“Abbiamo parlato a lungo di cavi sottomarini, una tecnologia destinata a essere sempre più strategica”. Con pochissime parole, il sottosegretario di Stato per l’Innovazione tecnologica, Alessio Butti, ha spiazzato la platea di giornalisti e addetti ai lavori presenti alla riunione ministeriale del G7 Tecnologia e digitale ospitato il 15 ottobre a Cernobbio. Ci si aspettava grande enfasi su quelli che potrebbero essere i prossimi passi nell’ambito dell’intelligenza artificiale, ma alla fine un tema cruciale e inaspettato è stato proprio quello dei cavi sottomarini, un’enorme rete composta di circa 529 sistemi che permette a tutti i Paesi del mondo di scambiarsi tra il 95 e il 99% dei dati internet.
Butti ha definito “strategica” questa infrastruttura poggiata sul fondo del mare, sottolineando che è necessario “renderla sicura”. Di cosa stiamo parlando e quali sono gli interessi in ballo? A livello tecnico, i singoli cavi sottomarini hanno un diametro di circa due centimetri, per una lunghezza complessiva di 1,4 milioni di chilometri. A causa della loro collocazione a migliaia di metri sotto il livello del mare, la manutenzione non è semplice e si corre il rischio che l’usura del tempo o fenomeni naturali come le scosse sismiche possano danneggiarli. La conseguenza sarebbe il blocco parziale delle comunicazioni che avvengono attraverso il web. I pericoli però possono avere anche origini umane ed è a loro che si riferisce Butti quando ribadisce il bisogno di rendere sicuri i cavi. Impossibile non pensare alle guerre regionali e non solo che, attraverso un attacco massiccio mirato alla rete sottomarina, potrebbero causare l’isolamento di interi Paesi, con ripercussioni sensibili anche a livello economico. Ma c’è dell’altro.

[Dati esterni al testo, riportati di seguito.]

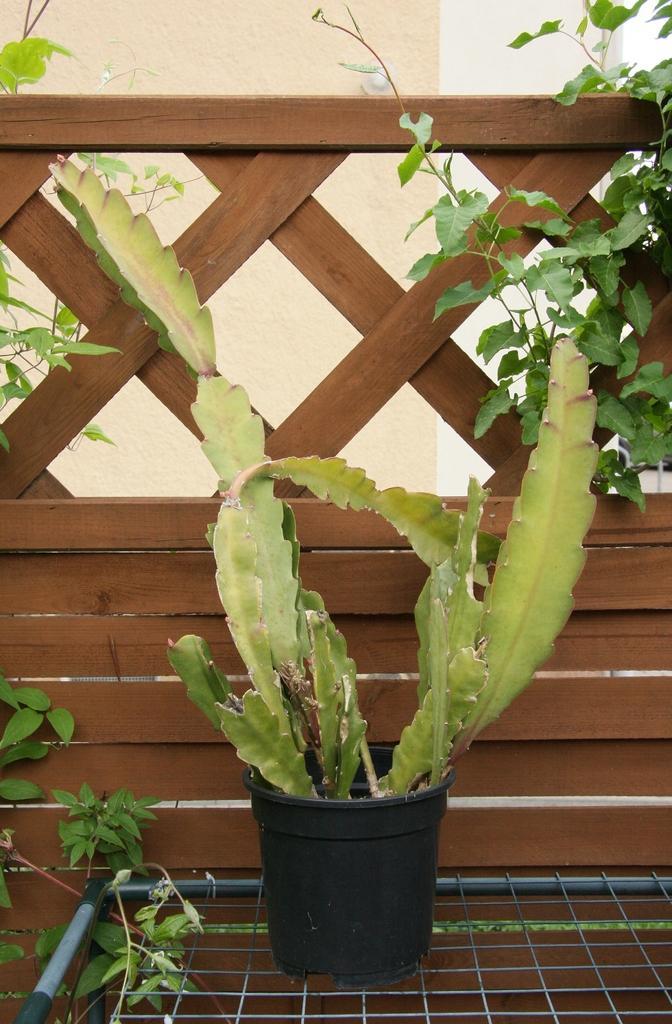How would you summarize this image in a sentence or two? In the picture I can see the plant pot on the metal grill which is at the bottom of the picture. I can see the wooden fence and green leaves. In the background, I can see the wall.

“Gli Stati non hanno investito abbastanza nella costruzione di questa infrastruttura, con il risultato di essere fortemente dipendenti da aziende private: sono queste ultime, infatti, a impiantare e gestire la maggior parte dei cavi”, spiega all’agenzia Dire Eleonora Poli, Head of Italian Office del Cep – Centres for European Policy Network. “Si comincia a pensare a quanto questo possa essere problematico, visti anche i conflitti in corso come quello tra Russia e Ucraina; la sicurezza dei cavi è quindi fondamentale per mantenere la sicurezza dei dati delle persone e dei Paesi, oltre che delle interazioni sociali ed economiche”.
Torniamo però ai possibili danni causati dall’essere umano. Un limite nella protezione dei cavi sta nell’attuale assenza di un’alleanza internazionale che possa far fronte all’eventuale interruzione del traffico dati internet causata da un attacco bellico. “Se ciò accadesse, probabilmente interverrebbero le aziende private”, fa notare Poli, “ma sarebbe necessaria una coalizione tra Stati per far fronte a un’emergenza di tale portata”.
L’alleanza in questione si sta pian piano costruendo, per lo meno in Occidente, e riguarda il blocco costituito da Unione europea e Stati Uniti. Per quanto permanga la competitività economica tra Bruxelles e Washington – una rivalità che l’eventuale rielezione di Donald Trump alla Casa Bianca accentuerebbe – prevale un’unità di intenti nel confronto con altri attori dello scacchiere mondiale, la Cina su tutti. “Nella guerra commerciale tra Washington e Pechino, la questione dei cavi è emblematica”, sottolinea Poli. “Gli Stati Uniti hanno fatto in modo che la sua diretta rivale non potesse lavorare sulla collocazione dei cavi a cui erano interessati. Questo perché da una parte si temono sabotaggi e dall’altra si ha paura che possano essere rubati dei dati”.
La sicurezza dei dati è un tema cruciale, dato che le aziende che si occupano dell’impianto dei cavi sono per lo più private.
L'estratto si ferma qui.